The days are getting longer + temperatures are rising. That can only mean one thing – it’s time to start planning your summer vacay. Whether you have kids, are a kid, or are in that weird in-between phase, you gotta love summer vacation. There is plenty of fun to be had in the sun whether you’re heading to Florida, The Great Lakes, or the tropics. No matter where you plan your vacation, be sure you are focused on ethical travel.
What is Ethical Travel?
Every time you take a trip, you have choices on where you stay + what you do. You choose which countries, hotels, and establishment your hard-earned dollars go to support. Ethical travel is making the best choices for how you spend your money to ensure you are supporting local communities + not doing harm to their environment. While this is largely an issue when considering international travel to underdeveloped areas in Asia, Africa, etc. You also need to keep in mind what you are supporting when you travel domestically. Ensure you’re considering ethical travel principles as you plan your summer getaways by considering the factors below.
Choosing Your Destination
When choosing a place to vacation, you want to think beyond the beauty of the area. Does the country have a history of human right violations? How do they treat their minorities or those living in poverty? Do they have any laws that violate your moral code such as death sentences for those found to be homosexual or that greatly limit the rights + autonomy of women?
If the answer is yes to any of these questions, you need to take a better look at this destination.
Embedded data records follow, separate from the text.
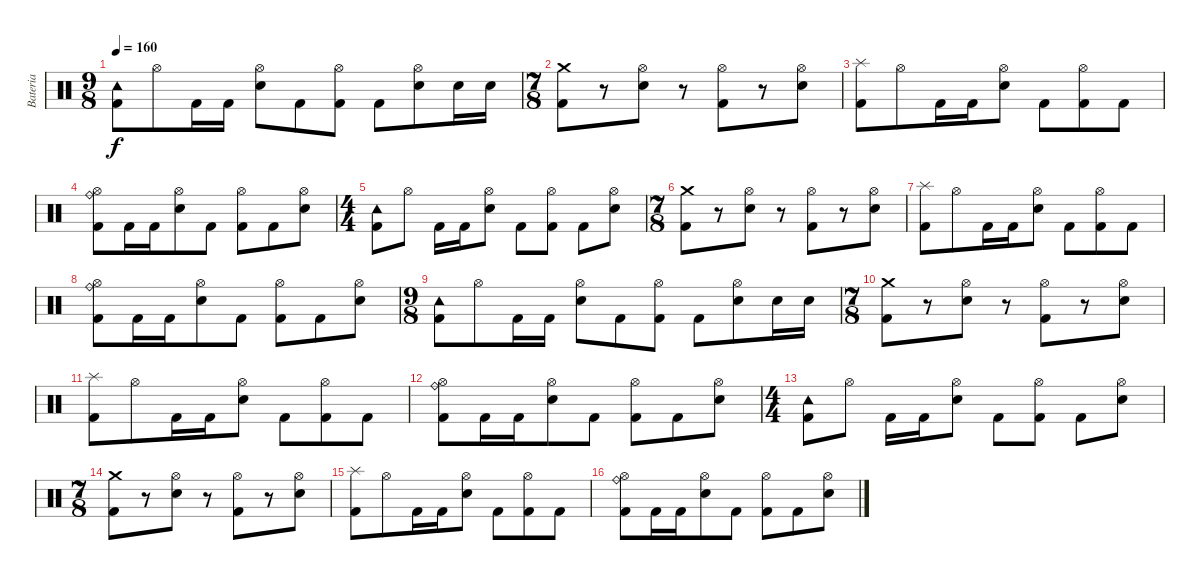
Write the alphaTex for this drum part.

\track ("Bateria" "Bateria") {instrument percussion}
\staff {score}
\articulation defaults
\ts (9 8)
\tempo 160
\clef neutral
\ks c
("Tambourine (hit)" "Kick (hit) 2").8{dy f} "Hi-Hat (open)".8 "Kick (hit) 2".16 "Kick (hit) 2".16 ("Hi-Hat (open)" "Electric Snare (hit)").8 "Kick (hit) 2".8 ("Hi-Hat (open)" "Kick (hit) 2").8 "Kick (hit) 2".8 ("Hi-Hat (open)" "Electric Snare (hit)").8 "Electric Snare (hit)".16 "Electric Snare (hit)".16 |
\ts (7 8)
("Crash medium (hit)" "Kick (hit) 2").8 r.8 ("Hi-Hat (open)" "Electric Snare (hit)").8 r.8 ("Hi-Hat (open)" "Kick (hit) 2").8 r.8 ("Hi-Hat (open)" "Electric Snare (hit)").8 |
("Splash (hit)" "Kick (hit) 2").8 "Hi-Hat (open)".8 "Kick (hit) 2".16 "Kick (hit) 2".16 ("Hi-Hat (open)" "Electric Snare (hit)").8 "Kick (hit) 2".8 ("Hi-Hat (open)" "Kick (hit) 2").8 "Kick (hit) 2".8 |
("Hi-Hat (open)" "Ride (bell)" "Kick (hit) 2").8 "Kick (hit) 2".16 "Kick (hit) 2".16 ("Hi-Hat (open)" "Electric Snare (hit)").8 "Kick (hit) 2".8 ("Hi-Hat (open)" "Kick (hit) 2").8 "Kick (hit) 2".8 ("Hi-Hat (open)" "Electric Snare (hit)").8 |
\ts (4 4)
("Tambourine (hit)" "Kick (hit) 2").8 "Hi-Hat (open)".8 "Kick (hit) 2".16 "Kick (hit) 2".16 ("Hi-Hat (open)" "Electric Snare (hit)").8 "Kick (hit) 2".8 ("Hi-Hat (open)" "Kick (hit) 2").8 "Kick (hit) 2".8 ("Hi-Hat (open)" "Electric Snare (hit)").8 |
\ts (7 8)
("Crash medium (hit)" "Kick (hit) 2").8 r.8 ("Hi-Hat (open)" "Electric Snare (hit)").8 r.8 ("Hi-Hat (open)" "Kick (hit) 2").8 r.8 ("Hi-Hat (open)" "Electric Snare (hit)").8 |
("Splash (hit)" "Kick (hit) 2").8 "Hi-Hat (open)".8 "Kick (hit) 2".16 "Kick (hit) 2".16 ("Hi-Hat (open)" "Electric Snare (hit)").8 "Kick (hit) 2".8 ("Hi-Hat (open)" "Kick (hit) 2").8 "Kick (hit) 2".8 |
("Hi-Hat (open)" "Ride (bell)" "Kick (hit) 2").8 "Kick (hit) 2".16 "Kick (hit) 2".16 ("Hi-Hat (open)" "Electric Snare (hit)").8 "Kick (hit) 2".8 ("Hi-Hat (open)" "Kick (hit) 2").8 "Kick (hit) 2".8 ("Hi-Hat (open)" "Electric Snare (hit)").8 |
\ts (9 8)
("Tambourine (hit)" "Kick (hit) 2").8 "Hi-Hat (open)".8 "Kick (hit) 2".16 "Kick (hit) 2".16 ("Hi-Hat (open)" "Electric Snare (hit)").8 "Kick (hit) 2".8 ("Hi-Hat (open)" "Kick (hit) 2").8 "Kick (hit) 2".8 ("Hi-Hat (open)" "Electric Snare (hit)").8 "Electric Snare (hit)".16 "Electric Snare (hit)".16 |
\ts (7 8)
("Crash medium (hit)" "Kick (hit) 2").8 r.8 ("Hi-Hat (open)" "Electric Snare (hit)").8 r.8 ("Hi-Hat (open)" "Kick (hit) 2").8 r.8 ("Hi-Hat (open)" "Electric Snare (hit)").8 |
("Splash (hit)" "Kick (hit) 2").8 "Hi-Hat (open)".8 "Kick (hit) 2".16 "Kick (hit) 2".16 ("Hi-Hat (open)" "Electric Snare (hit)").8 "Kick (hit) 2".8 ("Hi-Hat (open)" "Kick (hit) 2").8 "Kick (hit) 2".8 |
("Hi-Hat (open)" "Ride (bell)" "Kick (hit) 2").8 "Kick (hit) 2".16 "Kick (hit) 2".16 ("Hi-Hat (open)" "Electric Snare (hit)").8 "Kick (hit) 2".8 ("Hi-Hat (open)" "Kick (hit) 2").8 "Kick (hit) 2".8 ("Hi-Hat (open)" "Electric Snare (hit)").8 |
\ts (4 4)
("Tambourine (hit)" "Kick (hit) 2").8 "Hi-Hat (open)".8 "Kick (hit) 2".16 "Kick (hit) 2".16 ("Hi-Hat (open)" "Electric Snare (hit)").8 "Kick (hit) 2".8 ("Hi-Hat (open)" "Kick (hit) 2").8 "Kick (hit) 2".8 ("Hi-Hat (open)" "Electric Snare (hit)").8 |
\ts (7 8)
("Crash medium (hit)" "Kick (hit) 2").8 r.8 ("Hi-Hat (open)" "Electric Snare (hit)").8 r.8 ("Hi-Hat (open)" "Kick (hit) 2").8 r.8 ("Hi-Hat (open)" "Electric Snare (hit)").8 |
("Splash (hit)" "Kick (hit) 2").8 "Hi-Hat (open)".8 "Kick (hit) 2".16 "Kick (hit) 2".16 ("Hi-Hat (open)" "Electric Snare (hit)").8 "Kick (hit) 2".8 ("Hi-Hat (open)" "Kick (hit) 2").8 "Kick (hit) 2".8 |
("Hi-Hat (open)" "Ride (bell)" "Kick (hit) 2").8 "Kick (hit) 2".16 "Kick (hit) 2".16 ("Hi-Hat (open)" "Electric Snare (hit)").8 "Kick (hit) 2".8 ("Hi-Hat (open)" "Kick (hit) 2").8 "Kick (hit) 2".8 ("Hi-Hat (open)" "Electric Snare (hit)").8
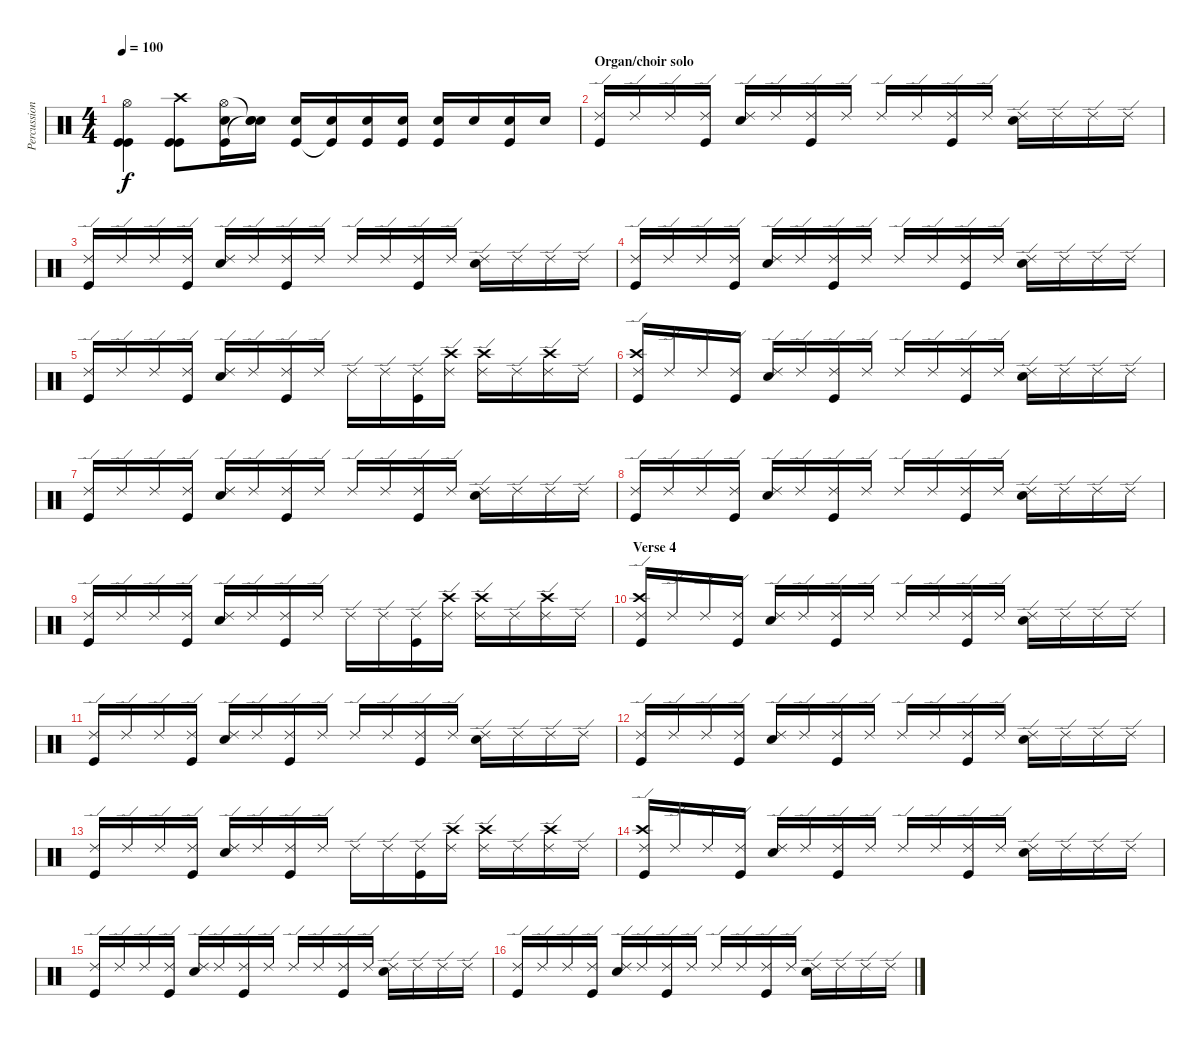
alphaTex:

\track ("Percussion" "Percussion") {instrument percussion}
\staff {score}
\articulation defaults
\ts (4 4)
\tempo 100
\clef neutral
\ks c
("Hi-Hat (open)" "Kick (hit)" "Kick (hit)").4{dy f} ("Crash high (hit)" "Kick (hit)" "Kick (hit)").8 ("Hi-Hat (open)" "Snare (hit) 2" "Kick (hit)").16 ("Snare (hit)"{t} "Snare (hit) 2" "Snare (hit)"{t}).16 ("Snare (hit) 2" "Kick (hit)").16 ("Snare (hit) 2" "Kick (hit)"{t}).16 ("Snare (hit) 2" "Kick (hit)").16 ("Snare (hit) 2" "Kick (hit)").16 ("Snare (hit) 2" "Kick (hit)").16 "Snare (hit) 2".16 ("Snare (hit) 2" "Kick (hit)").16 "Snare (hit) 2".16 |
\section ("" "Organ/choir solo")
("Ride (edge) 2" "Kick (hit)").16 "Ride (edge) 2".16 "Ride (edge) 2".16 ("Ride (edge) 2" "Kick (hit)").16 ("Ride (edge) 2" "Snare (hit) 2").16 "Ride (edge) 2".16 ("Ride (edge) 2" "Kick (hit)").16 "Ride (edge) 2".16 "Ride (edge) 2".16 "Ride (edge) 2".16 ("Ride (edge) 2" "Kick (hit)").16 "Ride (edge) 2".16 ("Ride (edge) 2" "Snare (hit) 2").16 "Ride (edge) 2".16 "Ride (edge) 2".16 "Ride (edge) 2".16 |
("Ride (edge) 2" "Kick (hit)").16 "Ride (edge) 2".16 "Ride (edge) 2".16 ("Ride (edge) 2" "Kick (hit)").16 ("Ride (edge) 2" "Snare (hit) 2").16 "Ride (edge) 2".16 ("Ride (edge) 2" "Kick (hit)").16 "Ride (edge) 2".16 "Ride (edge) 2".16 "Ride (edge) 2".16 ("Ride (edge) 2" "Kick (hit)").16 "Ride (edge) 2".16 ("Ride (edge) 2" "Snare (hit) 2").16 "Ride (edge) 2".16 "Ride (edge) 2".16 "Ride (edge) 2".16 |
("Ride (edge) 2" "Kick (hit)").16 "Ride (edge) 2".16 "Ride (edge) 2".16 ("Ride (edge) 2" "Kick (hit)").16 ("Ride (edge) 2" "Snare (hit) 2").16 "Ride (edge) 2".16 ("Ride (edge) 2" "Kick (hit)").16 "Ride (edge) 2".16 "Ride (edge) 2".16 "Ride (edge) 2".16 ("Ride (edge) 2" "Kick (hit)").16 "Ride (edge) 2".16 ("Ride (edge) 2" "Snare (hit) 2").16 "Ride (edge) 2".16 "Ride (edge) 2".16 "Ride (edge) 2".16 |
("Ride (edge) 2" "Kick (hit)").16 "Ride (edge) 2".16 "Ride (edge) 2".16 ("Ride (edge) 2" "Kick (hit)").16 ("Ride (edge) 2" "Snare (hit) 2").16 "Ride (edge) 2".16 ("Ride (edge) 2" "Kick (hit)").16 "Ride (edge) 2".16 "Ride (edge) 2".16 "Ride (edge) 2".16 ("Ride (edge) 2" "Kick (hit)").16 ("Ride (edge) 2" "Crash high (hit)").16 ("Ride (edge) 2" "Crash high (hit)").16 "Ride (edge) 2".16 ("Ride (edge) 2" "Crash high (hit)").16 "Ride (edge) 2".16 |
("Ride (edge) 2" "Crash high (hit)" "Kick (hit)").16 "Ride (edge) 2".16 "Ride (edge) 2".16 ("Ride (edge) 2" "Kick (hit)").16 ("Ride (edge) 2" "Snare (hit) 2").16 "Ride (edge) 2".16 ("Ride (edge) 2" "Kick (hit)").16 "Ride (edge) 2".16 "Ride (edge) 2".16 "Ride (edge) 2".16 ("Ride (edge) 2" "Kick (hit)").16 "Ride (edge) 2".16 ("Ride (edge) 2" "Snare (hit) 2").16 "Ride (edge) 2".16 "Ride (edge) 2".16 "Ride (edge) 2".16 |
("Ride (edge) 2" "Kick (hit)").16 "Ride (edge) 2".16 "Ride (edge) 2".16 ("Ride (edge) 2" "Kick (hit)").16 ("Ride (edge) 2" "Snare (hit) 2").16 "Ride (edge) 2".16 ("Ride (edge) 2" "Kick (hit)").16 "Ride (edge) 2".16 "Ride (edge) 2".16 "Ride (edge) 2".16 ("Ride (edge) 2" "Kick (hit)").16 "Ride (edge) 2".16 ("Ride (edge) 2" "Snare (hit) 2").16 "Ride (edge) 2".16 "Ride (edge) 2".16 "Ride (edge) 2".16 |
("Ride (edge) 2" "Kick (hit)").16 "Ride (edge) 2".16 "Ride (edge) 2".16 ("Ride (edge) 2" "Kick (hit)").16 ("Ride (edge) 2" "Snare (hit) 2").16 "Ride (edge) 2".16 ("Ride (edge) 2" "Kick (hit)").16 "Ride (edge) 2".16 "Ride (edge) 2".16 "Ride (edge) 2".16 ("Ride (edge) 2" "Kick (hit)").16 "Ride (edge) 2".16 ("Ride (edge) 2" "Snare (hit) 2").16 "Ride (edge) 2".16 "Ride (edge) 2".16 "Ride (edge) 2".16 |
("Ride (edge) 2" "Kick (hit)").16 "Ride (edge) 2".16 "Ride (edge) 2".16 ("Ride (edge) 2" "Kick (hit)").16 ("Ride (edge) 2" "Snare (hit) 2").16 "Ride (edge) 2".16 ("Ride (edge) 2" "Kick (hit)").16 "Ride (edge) 2".16 "Ride (edge) 2".16 "Ride (edge) 2".16 ("Ride (edge) 2" "Kick (hit)").16 ("Ride (edge) 2" "Crash high (hit)").16 ("Ride (edge) 2" "Crash high (hit)").16 "Ride (edge) 2".16 ("Ride (edge) 2" "Crash high (hit)").16 "Ride (edge) 2".16 |
\section ("" "Verse 4")
("Ride (edge) 2" "Crash high (hit)" "Kick (hit)").16 "Ride (edge) 2".16 "Ride (edge) 2".16 ("Ride (edge) 2" "Kick (hit)").16 ("Ride (edge) 2" "Snare (hit) 2").16 "Ride (edge) 2".16 ("Ride (edge) 2" "Kick (hit)").16 "Ride (edge) 2".16 "Ride (edge) 2".16 "Ride (edge) 2".16 ("Ride (edge) 2" "Kick (hit)").16 "Ride (edge) 2".16 ("Ride (edge) 2" "Snare (hit) 2").16 "Ride (edge) 2".16 "Ride (edge) 2".16 "Ride (edge) 2".16 |
("Ride (edge) 2" "Kick (hit)").16 "Ride (edge) 2".16 "Ride (edge) 2".16 ("Ride (edge) 2" "Kick (hit)").16 ("Ride (edge) 2" "Snare (hit) 2").16 "Ride (edge) 2".16 ("Ride (edge) 2" "Kick (hit)").16 "Ride (edge) 2".16 "Ride (edge) 2".16 "Ride (edge) 2".16 ("Ride (edge) 2" "Kick (hit)").16 "Ride (edge) 2".16 ("Ride (edge) 2" "Snare (hit) 2").16 "Ride (edge) 2".16 "Ride (edge) 2".16 "Ride (edge) 2".16 |
("Ride (edge) 2" "Kick (hit)").16 "Ride (edge) 2".16 "Ride (edge) 2".16 ("Ride (edge) 2" "Kick (hit)").16 ("Ride (edge) 2" "Snare (hit) 2").16 "Ride (edge) 2".16 ("Ride (edge) 2" "Kick (hit)").16 "Ride (edge) 2".16 "Ride (edge) 2".16 "Ride (edge) 2".16 ("Ride (edge) 2" "Kick (hit)").16 "Ride (edge) 2".16 ("Ride (edge) 2" "Snare (hit) 2").16 "Ride (edge) 2".16 "Ride (edge) 2".16 "Ride (edge) 2".16 |
("Ride (edge) 2" "Kick (hit)").16 "Ride (edge) 2".16 "Ride (edge) 2".16 ("Ride (edge) 2" "Kick (hit)").16 ("Ride (edge) 2" "Snare (hit) 2").16 "Ride (edge) 2".16 ("Ride (edge) 2" "Kick (hit)").16 "Ride (edge) 2".16 "Ride (edge) 2".16 "Ride (edge) 2".16 ("Ride (edge) 2" "Kick (hit)").16 ("Ride (edge) 2" "Crash high (hit)").16 ("Ride (edge) 2" "Crash high (hit)").16 "Ride (edge) 2".16 ("Ride (edge) 2" "Crash high (hit)").16 "Ride (edge) 2".16 |
("Ride (edge) 2" "Crash high (hit)" "Kick (hit)").16 "Ride (edge) 2".16 "Ride (edge) 2".16 ("Ride (edge) 2" "Kick (hit)").16 ("Ride (edge) 2" "Snare (hit) 2").16 "Ride (edge) 2".16 ("Ride (edge) 2" "Kick (hit)").16 "Ride (edge) 2".16 "Ride (edge) 2".16 "Ride (edge) 2".16 ("Ride (edge) 2" "Kick (hit)").16 "Ride (edge) 2".16 ("Ride (edge) 2" "Snare (hit) 2").16 "Ride (edge) 2".16 "Ride (edge) 2".16 "Ride (edge) 2".16 |
("Ride (edge) 2" "Kick (hit)").16 "Ride (edge) 2".16 "Ride (edge) 2".16 ("Ride (edge) 2" "Kick (hit)").16 ("Ride (edge) 2" "Snare (hit) 2").16 "Ride (edge) 2".16 ("Ride (edge) 2" "Kick (hit)").16 "Ride (edge) 2".16 "Ride (edge) 2".16 "Ride (edge) 2".16 ("Ride (edge) 2" "Kick (hit)").16 "Ride (edge) 2".16 ("Ride (edge) 2" "Snare (hit) 2").16 "Ride (edge) 2".16 "Ride (edge) 2".16 "Ride (edge) 2".16 |
("Ride (edge) 2" "Kick (hit)").16 "Ride (edge) 2".16 "Ride (edge) 2".16 ("Ride (edge) 2" "Kick (hit)").16 ("Ride (edge) 2" "Snare (hit) 2").16 "Ride (edge) 2".16 ("Ride (edge) 2" "Kick (hit)").16 "Ride (edge) 2".16 "Ride (edge) 2".16 "Ride (edge) 2".16 ("Ride (edge) 2" "Kick (hit)").16 "Ride (edge) 2".16 ("Ride (edge) 2" "Snare (hit) 2").16 "Ride (edge) 2".16 "Ride (edge) 2".16 "Ride (edge) 2".16

While it isn’t a sure sign you shouldn’t go, it does mean you’ll need to be extra careful while you’re there + be sure to support businesses and communities that are not acting amorally or that help those who are oppressed/marginalized. These are currently the world’s most ethical travel destinations.
Ethical Travel Accommodations
For me, safety is the most important thing while traveling. That means I typically stay at an American-owned hotel chain. If you aren’t as lodging anxious as I am, try to stick to locally owned accommodations + Airbnbs. Choosing boutique hotels and apartments is a great way to add more money into the local economy + typically save yourself some money. You’ll likely get more entrenched in the city + have a better feel that everyone you interact with is doing so of their own accord.
Research is the most important part of this process. Do your research on who owns the place you will be staying + if they have a history of unfair employment practices or discrimination against certain types of guests. If you’re staying at hostels, check their reviews to see if they have any shady practices or crime reports lodge by other travelers.
Choosing Ethical Activities
One of the main tenants of ethical travel is to go as local as possible. By local foods and goods, use local touring companies + off the beaten path attractions. Try to avoid commercialized tourist traps as much as you can. I am a pretty touristy person, so I want to see the big sites. However, I love to utilize local suggestions for the best places to eat and shop. There is a balance between immersing yourself in local culture + immersing yourself in what US pop culture says local culture of that country/city actually is.
A huge thing related to ethical travel is how you treat the environment while you are there. Don’t litter. Clean up after yourself. Different areas have different ways they dispose of things. Some developing nations don’t have access to many recycling plants so you may want to limit your single-use plastic consumption. If locals say not to touch something, don’t touch it. If they say don’t feed it, don’t feed it. And for the love of God, avoid the animal shows. I think it would be dope AF to ride an elephant, but you know who doesn’t think that? The elephant. Most animals in tourist areas are mistreated + abused in order to behave in a way that makes their wranglers money. Research to find local rescues + organizations doing good for animals that will let you interact with wildlife in a healthy way.
Interacting With Locals
Remember that you’re the visitor + people actually live there. Show locals respect + not just in your first world, privileged way. Show them respect that means something in their culture. Every culture has different rules + social norms that speak subconsciously to others. In some cultures, refusing food is frowned upon while in others haggling is an insult to their craftsmanship. Do your research to know how to treat people + not accidentally send out the wrong message – this includes proper attire as well.
Also, don’t assume every hard-working person you see is someone to be pitied or rescued. That being said, in many areas, children will come up to you begging. Most governments + tour guides advise you not to give them money. At best, it encourages kids to skip school to earn money, at worst it goes straight to their traffickers. In any event, do NOT pull a Lindsey Lohan + try to “save” someone else’s child. Even in the least developed nations, you can’t just pluck kids up off the street.